As the world becomes more digitally connected, Lammers sees the Fulbright opportunity as essential to addressing not only an educational need in Indonesia but also globally. Most of the research to understand digital literacy, she explains, has been derived from studies conducted in Western countries, such as the United States, Europe, and Australia. She hopes her work in Indonesia will help to expand knowledge with participation from a broader range of cultural contexts, beyond the knowledge derived from Western research.

“My goal is to take what we learn about Indonesian youth’s use of Information and Communication Technologies (ICT) to help teachers and teacher educators make classroom-based literacy instruction more relevant to young people in Indonesia,” says Lammers. “I believe with the opportunity to bring Indonesian perspectives into the Western scholarly conversation and understanding of digital literacies, we will honor the way that Indonesian youth engage in our connected global community.”

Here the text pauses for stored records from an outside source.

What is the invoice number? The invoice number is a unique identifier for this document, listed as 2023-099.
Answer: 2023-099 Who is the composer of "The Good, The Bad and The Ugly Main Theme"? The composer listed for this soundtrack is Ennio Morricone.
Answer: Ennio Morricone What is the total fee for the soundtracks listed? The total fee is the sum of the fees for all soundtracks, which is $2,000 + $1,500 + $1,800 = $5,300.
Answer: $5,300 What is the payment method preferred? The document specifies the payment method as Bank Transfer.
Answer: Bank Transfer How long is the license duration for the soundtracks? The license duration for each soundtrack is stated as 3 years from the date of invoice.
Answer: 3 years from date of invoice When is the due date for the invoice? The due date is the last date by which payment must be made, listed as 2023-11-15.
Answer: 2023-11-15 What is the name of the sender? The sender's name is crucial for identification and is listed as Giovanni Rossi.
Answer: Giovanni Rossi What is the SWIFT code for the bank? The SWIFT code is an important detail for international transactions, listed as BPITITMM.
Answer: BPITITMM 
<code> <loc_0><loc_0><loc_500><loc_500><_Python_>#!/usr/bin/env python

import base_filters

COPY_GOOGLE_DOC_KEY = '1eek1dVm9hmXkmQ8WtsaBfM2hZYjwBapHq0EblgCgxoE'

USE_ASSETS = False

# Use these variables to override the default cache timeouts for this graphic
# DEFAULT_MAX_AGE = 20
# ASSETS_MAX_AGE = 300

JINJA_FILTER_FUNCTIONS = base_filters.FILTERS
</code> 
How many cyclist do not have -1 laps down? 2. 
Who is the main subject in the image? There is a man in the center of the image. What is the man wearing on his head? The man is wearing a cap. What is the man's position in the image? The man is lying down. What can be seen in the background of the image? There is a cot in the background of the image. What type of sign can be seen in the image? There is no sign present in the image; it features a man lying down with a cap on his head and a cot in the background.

While in Indonesia, Lammers will also organize and offer academic writing workshops and mentorships at the host institution to help create a more collaborative, supportive editorial environment for faculty in the English department. She will adapt a model of writing camps, an informal gathering of scholars to work on professional writing projects, that she has helped to create and facilitate in Rochester. She will also be giving lectures at local universities and will deliver the keynote address at the 8th UNNES International Conference on English Language Teaching, Literature, and Translation.

Lammers, who has been at the Warner School since 2011, studies adolescent literacy learning, especially in online contexts. She has been working to help English teacher candidates shape literacy classrooms into vibrant, student-centered learning spaces where online/offline and in-school/out-of-school boundaries get blurred, and students are designing literacies that prepare them for 21st-century futures. Lammers adds, “Indonesia represents a unique opportunity for me to deepen and broaden my understanding of digital literacies by giving me a global perspective informed by Indonesian youth.”

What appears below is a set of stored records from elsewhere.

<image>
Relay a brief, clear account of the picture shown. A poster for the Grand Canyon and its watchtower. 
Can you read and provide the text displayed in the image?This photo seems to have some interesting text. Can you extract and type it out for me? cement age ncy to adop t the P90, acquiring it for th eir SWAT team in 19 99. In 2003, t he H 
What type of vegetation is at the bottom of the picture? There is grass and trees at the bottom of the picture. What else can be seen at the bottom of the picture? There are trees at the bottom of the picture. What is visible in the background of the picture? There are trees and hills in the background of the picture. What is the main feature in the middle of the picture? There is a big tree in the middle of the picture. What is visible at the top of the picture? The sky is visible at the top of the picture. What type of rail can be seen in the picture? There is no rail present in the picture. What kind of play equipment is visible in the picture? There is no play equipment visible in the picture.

Lammers is committed to sharing the findings of her Fulbright research in literacy and technology journals read by Indonesian and international audiences. Additionally, results will be disseminated by Lammers and Astuti at international scholarly conferences, both in the Asian-Pacific region and back in the U.S..

The Fulbright Scholar award lengthens Lammers’ list of accomplishments. As an associate director of the Warner School’s newest center, known as the Center for Learning in the Digital Age, she leads initiatives in digital literacy and informal online learning and works to build graduate students’ capacity to conduct research in online spaces. Since coming to Warner, Lammers has taken a leadership role in school-wide efforts to create online course offerings for Warner students, to create programs to prepare high-quality online instructors, and to prepare classroom teachers and school leaders who can engage in digitally-rich teaching practices. She has led efforts to put together a series of events on this topic that are open to faculty and staff across the university. In 2017, she received the University of Rochester’s G. Graydon ’58 and Jane W. Curtis Award for Excellence in Teaching by a Nontenured Member of the Faculty.

The Fulbright Scholar award program is the flagship United States academic exchange effort, administered by the Council for International Exchange of Scholars on behalf of the U.S. Department of State’s Bureau of Education and Cultural Affairs. Applications for the 2020-21 academic year are now open.